If you couldn’t tell by now, being a toke committee member takes a lot of trust on behalf of your fellow dealers. They are trusting you to get them paid fairly and accurately. You want your toke committee members to be trustworthy, reliable, and dependable. It’s not a job to be taken lightly.

What Happens in Case of Theft

You’re probably wondering though: what happens if a toke committee member steals tokes while mucking? I wish I could say it’s rare, but it’s not uncommon. Actually, I’ve seen it first-hand at a casino I worked at. This was like, early 2000s and I was dealing pai-gow poker when a co-worker of mine flew past me running as fast as he could, throwing something in the trash as he turned the corner. There were five security guards sprinting after him and they caught him and called the police.

Here’s the thing: they caught him on camera in the toke room palming several black chips and slipping them in his pocket. That’s what the security guards found in the trash, several black chips.
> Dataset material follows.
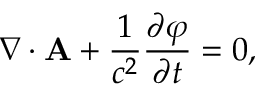<formula> <loc_0><loc_0><loc_500><loc_500>\nabla \cdot { A } + { \frac { 1 } { c ^ { 2 } } } { \frac { \partial \varphi } { \partial t } } = 0 ,</formula>

Oh man, the audacity of that dealer. He had been working as a dealer for twenty years and ten of them on the toke committee where he had been stealing chips on a regular basis. He had stolen so much money over the years that he could retire comfortably for the rest of his life. They had only caught him because they had just installed those cameras in the toke room.

Being on a toke committee requires a lot, a LOT of trust from your fellow dealers. If you’re thinking about maybe one day joining your toke committee, I have two major, major tips. One, be reliable, dependable, honest, and trustworthy. The other dealers are relying on you to get paid properly. And two, be very, very good at mucking.